Even after Duret left the trading post, the site of the present park continued to be used as a public meeting place. Well over a century later, in March 1923 the ground was purchased from Charles W. Harvey for $500. Money had been raised from area residents as well as others in Carroll and Cass Counties, and a corporation called the French Post Park Association was formed. Lewis Temple, Benjamin Stuart, and Harry Milroy were among the leaders of this development.

On August 18, 1923, a park was established at the site in Duret’s honor, dedicated by local dignitaries with speeches and musical presentations. Several hundred people from surrounding counties attended.

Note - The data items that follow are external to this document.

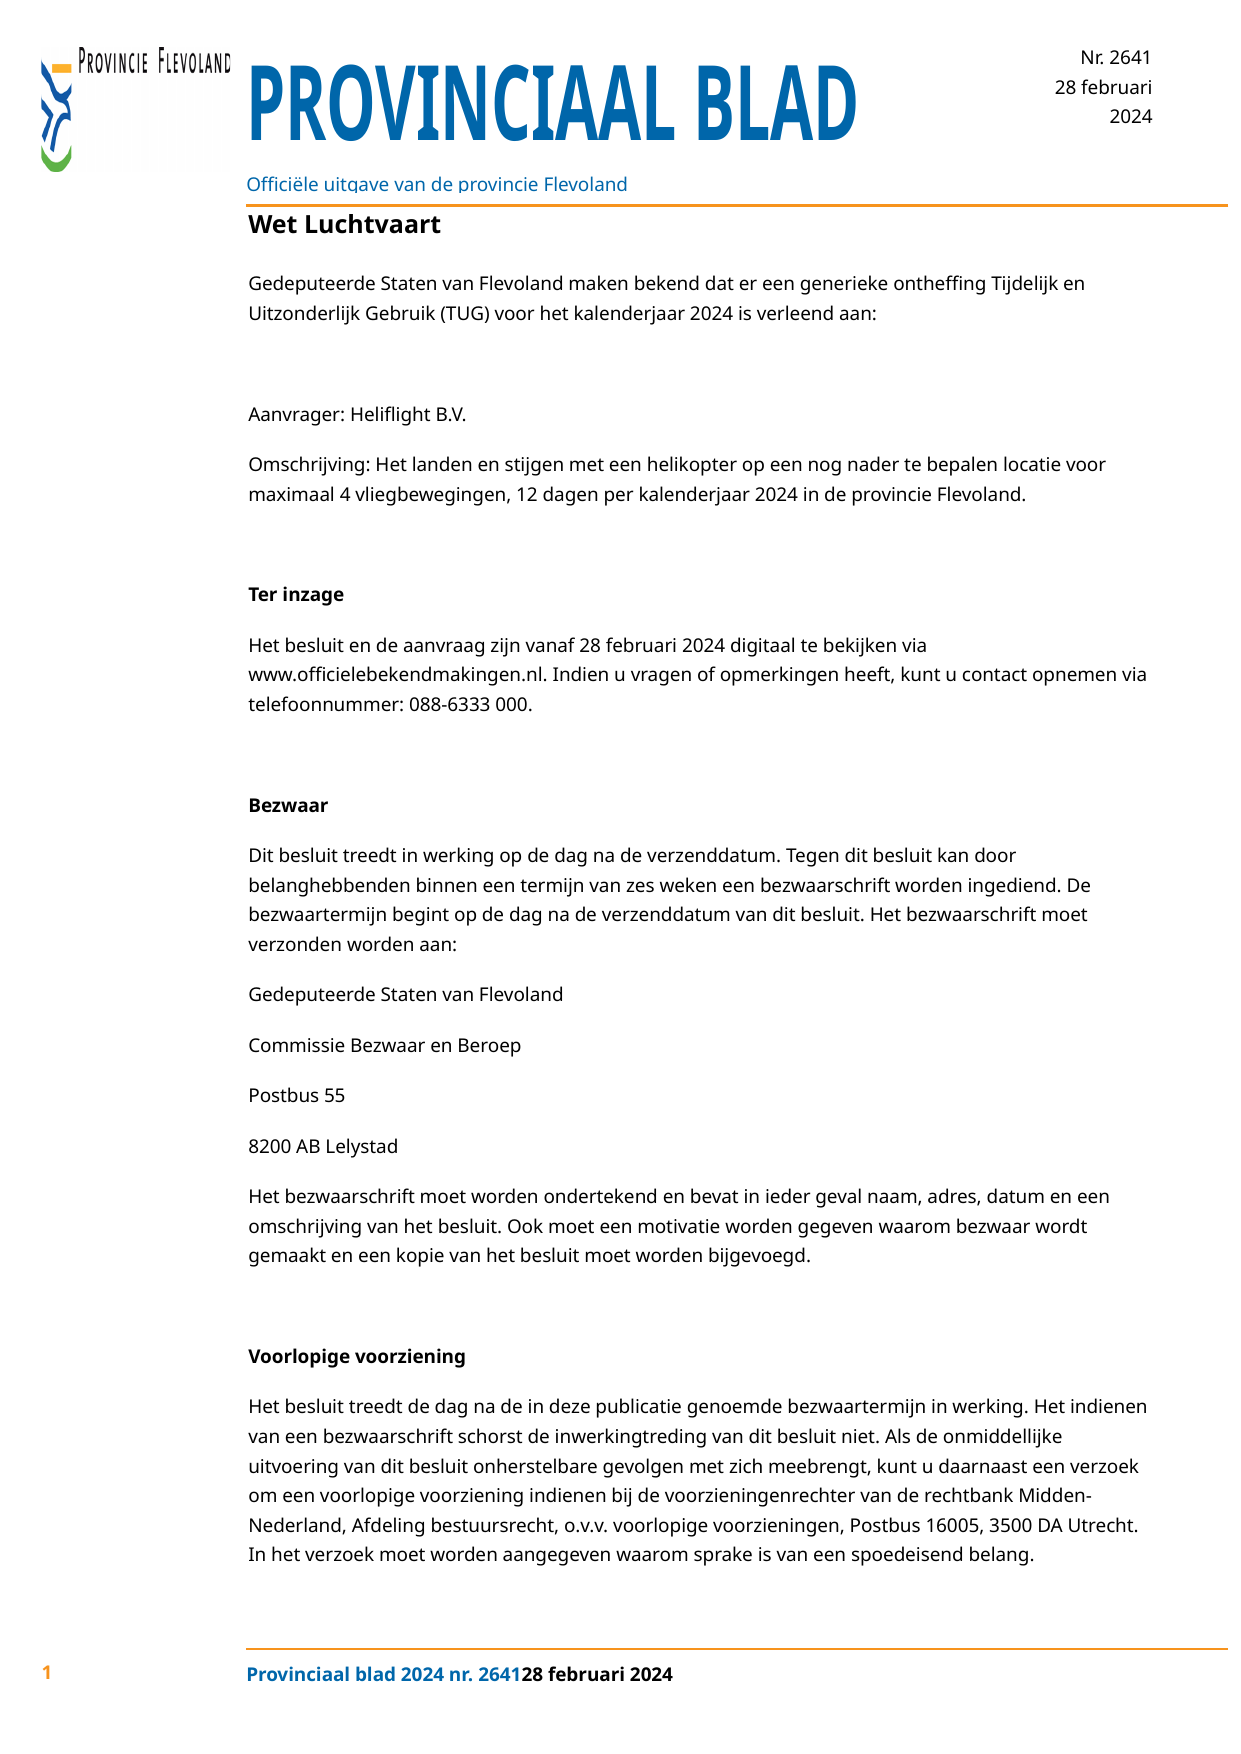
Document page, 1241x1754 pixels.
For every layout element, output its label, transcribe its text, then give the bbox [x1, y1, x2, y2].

text Voorlopige voorziening [248, 1343, 1152, 1369]
picture [41, 47, 231, 172]
text Commissie Bezwaar en Beroep [248, 1032, 1152, 1058]
text Het besluit treedt de dag na de in deze publicatie genoemde bezwaartermijn in werking. Het indienen van een bezwaarschrift schorst de inwerkingtreding van dit besluit niet. Als de onmiddellijke uitvoering van dit besluit onherstelbare gevolgen met zich meebrengt, kunt u daarnaast een verzoek om een voorlopige voorziening indienen bij de voorzieningenrechter van de rechtbank Midden-Nederland, Afdeling bestuursrecht, o.v.v. voorlopige voorzieningen, Postbus 16005, 3500 DA Utrecht. In het verzoek moet worden aangegeven waarom sprake is van een spoedeisend belang. [248, 1394, 1152, 1567]
text Gedeputeerde Staten van Flevoland [248, 982, 1152, 1007]
text Het besluit en de aanvraag zijn vanaf 28 februari 2024 digitaal te bekijken via www.officielebekendmakingen.nl. Indien u vragen of opmerkingen heeft, kunt u contact opnemen via telefoonnummer: 088-6333 000. [248, 632, 1152, 717]
text Omschrijving: Het landen en stijgen met een helikopter op een nog nader te bepalen locatie voor maximaal 4 vliegbewegingen, 12 dagen per kalenderjaar 2024 in de provincie Flevoland. [248, 451, 1152, 506]
text Bezwaar [248, 792, 1152, 818]
text 8200 AB Lelystad [248, 1133, 1152, 1158]
text Wet Luchtvaart [248, 207, 1152, 241]
text Gedeputeerde Staten van Flevoland maken bekend dat er een generieke ontheffing Tijdelijk en Uitzonderlijk Gebruik (TUG) voor het kalenderjaar 2024 is verleend aan: [248, 270, 1152, 326]
text Aanvrager: Heliflight B.V. [248, 401, 1152, 426]
text Postbus 55 [248, 1082, 1152, 1108]
text Dit besluit treedt in werking op de dag na de verzenddatum. Tegen dit besluit kan door belanghebbenden binnen een termijn van zes weken een bezwaarschrift worden ingediend. De bezwaartermijn begint op de dag na de verzenddatum van dit besluit. Het bezwaarschrift moet verzonden worden aan: [248, 842, 1152, 957]
text Het bezwaarschrift moet worden ondertekend en bevat in ieder geval naam, adres, datum en een omschrijving van het besluit. Ook moet een motivatie worden gegeven waarom bezwaar wordt gemaakt en een kopie van het besluit moet worden bijgevoegd. [248, 1183, 1152, 1268]
text Ter inzage [248, 582, 1152, 607]
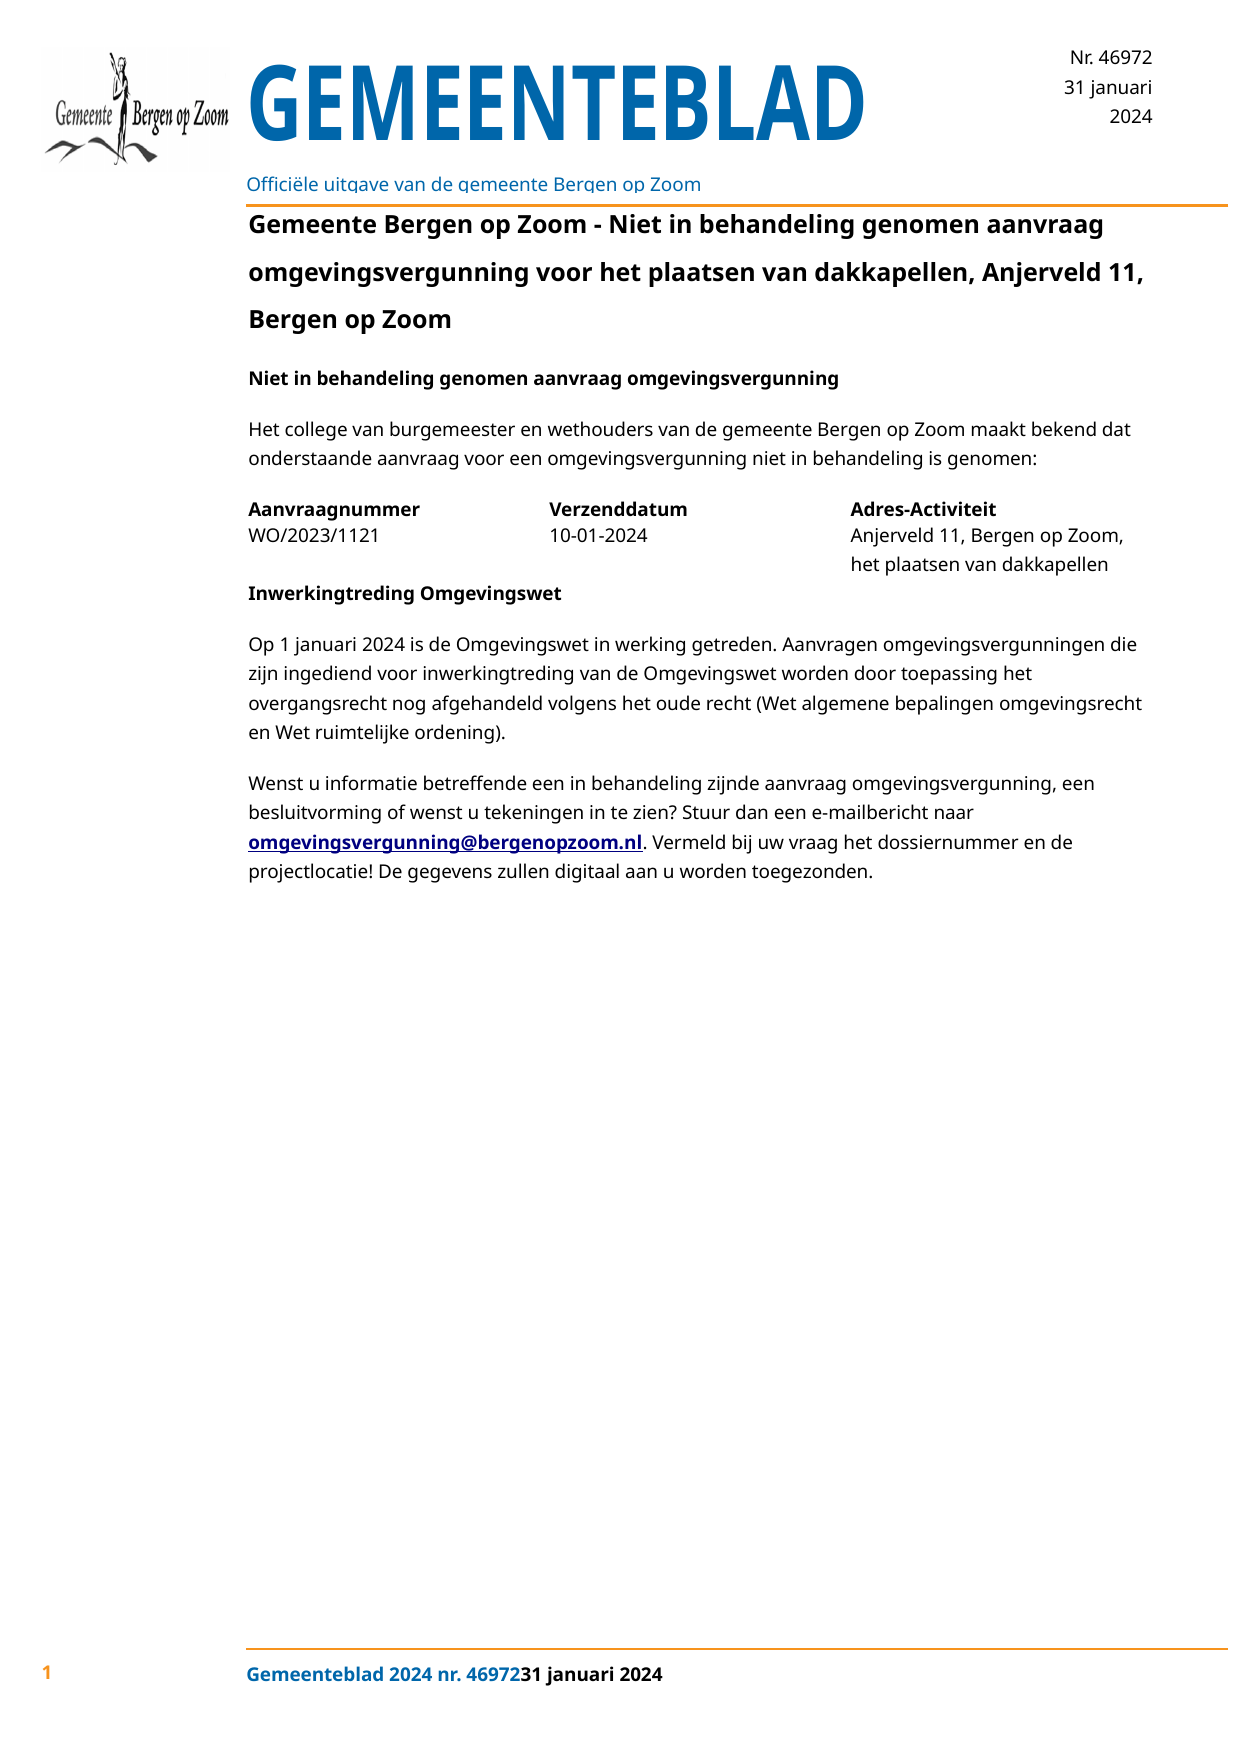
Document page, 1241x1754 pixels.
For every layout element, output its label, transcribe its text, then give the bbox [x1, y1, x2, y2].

text Wenst u informatie betreffende een in behandeling zijnde aanvraag omgevingsvergunning, een besluitvorming of wenst u tekeningen in te zien? Stuur dan een e-mailbericht naar omgevingsvergunning@bergenopzoom.nl. Vermeld bij uw vraag het dossiernummer en de projectlocatie! De gegevens zullen digitaal aan u worden toegezonden. [248, 770, 1152, 884]
text Gemeente Bergen op Zoom - Niet in behandeling genomen aanvraag omgevingsvergunning voor het plaatsen van dakkapellen, Anjerveld 11, Bergen op Zoom [248, 207, 1152, 336]
text Op 1 januari 2024 is de Omgevingswet in werking getreden. Aanvragen omgevingsvergunningen die zijn ingediend voor inwerkingtreding van de Omgevingswet worden door toepassing het overgangsrecht nog afgehandeld volgens het oude recht (Wet algemene bepalingen omgevingsrecht en Wet ruimtelijke ordening). [248, 631, 1152, 745]
table_header Adres-Activiteit [850, 496, 1152, 522]
text Inwerkingtreding Omgevingswet [248, 580, 1152, 606]
table_cell WO/2023/1121 [248, 522, 549, 577]
text Het college van burgemeester en wethouders van de gemeente Bergen op Zoom maakt bekend dat onderstaande aanvraag voor een omgevingsvergunning niet in behandeling is genomen: [248, 416, 1152, 471]
table_header Verzenddatum [549, 496, 850, 522]
table_header Aanvraagnummer [248, 496, 549, 522]
table_cell 10-01-2024 [549, 522, 850, 577]
table_cell Anjerveld 11, Bergen op Zoom, het plaatsen van dakkapellen [850, 522, 1152, 577]
text Niet in behandeling genomen aanvraag omgevingsvergunning [248, 366, 1152, 391]
picture [41, 47, 231, 172]
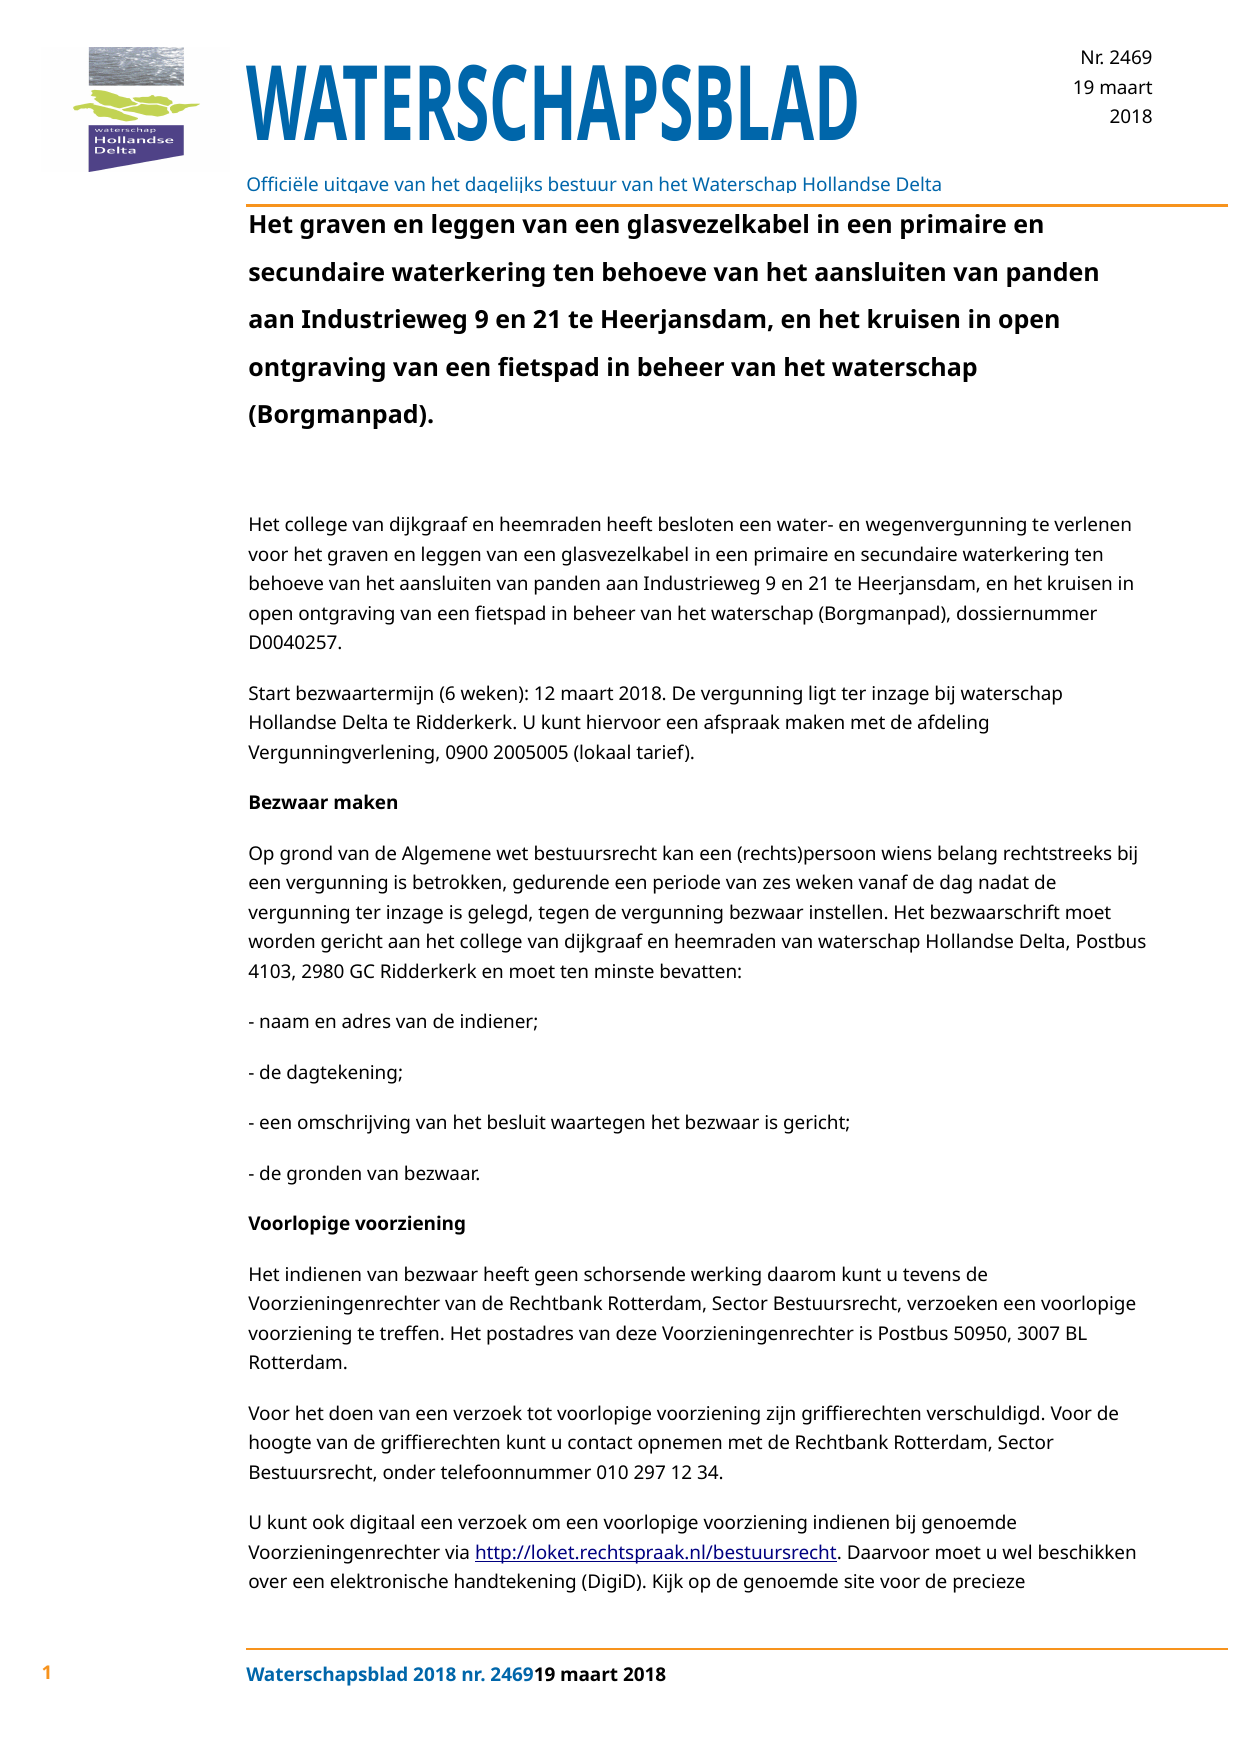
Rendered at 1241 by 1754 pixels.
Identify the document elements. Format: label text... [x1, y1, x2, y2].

text Voorlopige voorziening [248, 1210, 1152, 1236]
text Het indienen van bezwaar heeft geen schorsende werking daarom kunt u tevens de Voorzieningenrechter van de Rechtbank Rotterdam, Sector Bestuursrecht, verzoeken een voorlopige voorziening te treffen. Het postadres van deze Voorzieningenrechter is Postbus 50950, 3007 BL Rotterdam. [248, 1261, 1152, 1375]
text U kunt ook digitaal een verzoek om een voorlopige voorziening indienen bij genoemde Voorzieningenrechter via http://loket.rechtspraak.nl/bestuursrecht. Daarvoor moet u wel beschikken over een elektronische handtekening (DigiD). Kijk op de genoemde site voor de precieze [248, 1509, 1152, 1594]
text Start bezwaartermijn (6 weken): 12 maart 2018. De vergunning ligt ter inzage bij waterschap Hollandse Delta te Ridderkerk. U kunt hiervoor een afspraak maken met de afdeling Vergunningverlening, 0900 2005005 (lokaal tarief). [248, 680, 1152, 765]
picture [41, 47, 231, 172]
text - naam en adres van de indiener; [248, 1009, 1152, 1034]
text Op grond van de Algemene wet bestuursrecht kan een (rechts)persoon wiens belang rechtstreeks bij een vergunning is betrokken, gedurende een periode van zes weken vanaf de dag nadat de vergunning ter inzage is gelegd, tegen de vergunning bezwaar instellen. Het bezwaarschrift moet worden gericht aan het college van dijkgraaf en heemraden van waterschap Hollandse Delta, Postbus 4103, 2980 GC Ridderkerk en moet ten minste bevatten: [248, 840, 1152, 984]
text Het college van dijkgraaf en heemraden heeft besloten een water- en wegenvergunning te verlenen voor het graven en leggen van een glasvezelkabel in een primaire en secundaire waterkering ten behoeve van het aansluiten van panden aan Industrieweg 9 en 21 te Heerjansdam, en het kruisen in open ontgraving van een fietspad in beheer van het waterschap (Borgmanpad), dossiernummer D0040257. [248, 511, 1152, 655]
text - een omschrijving van het besluit waartegen het bezwaar is gericht; [248, 1109, 1152, 1135]
text Het graven en leggen van een glasvezelkabel in een primaire en secundaire waterkering ten behoeve van het aansluiten van panden aan Industrieweg 9 en 21 te Heerjansdam, en het kruisen in open ontgraving van een fietspad in beheer van het waterschap (Borgmanpad). [248, 207, 1152, 431]
text Voor het doen van een verzoek tot voorlopige voorziening zijn griffierechten verschuldigd. Voor de hoogte van de griffierechten kunt u contact opnemen met de Rechtbank Rotterdam, Sector Bestuursrecht, onder telefoonnummer 010 297 12 34. [248, 1400, 1152, 1485]
text Bezwaar maken [248, 789, 1152, 815]
text - de gronden van bezwaar. [248, 1160, 1152, 1186]
text - de dagtekening; [248, 1059, 1152, 1085]

Harry C. Milroy had painted signs commemorating the Indian trail and later stagecoach route that ran along the Wabash, the Wabash and Erie Canal, and the Wabash railway. These signs are gone, but a bust of Colonel Duret by Milroy that was placed on site and a marble plaque in his honor are still featured. The original stone pillars still hold the park sign.

A shelter house which still stands was built many years ago. Iron Workers Local 379 formed and poured concrete and built picnic tables for the shelter house in the 1950s. They used the facility for annual picnics until the 1970s. Boy Scouts cared for the park and held meetings during the same period. Local residents have volunteered their time over the years for the maintenance and betterment of the park, and it is now owned by the County.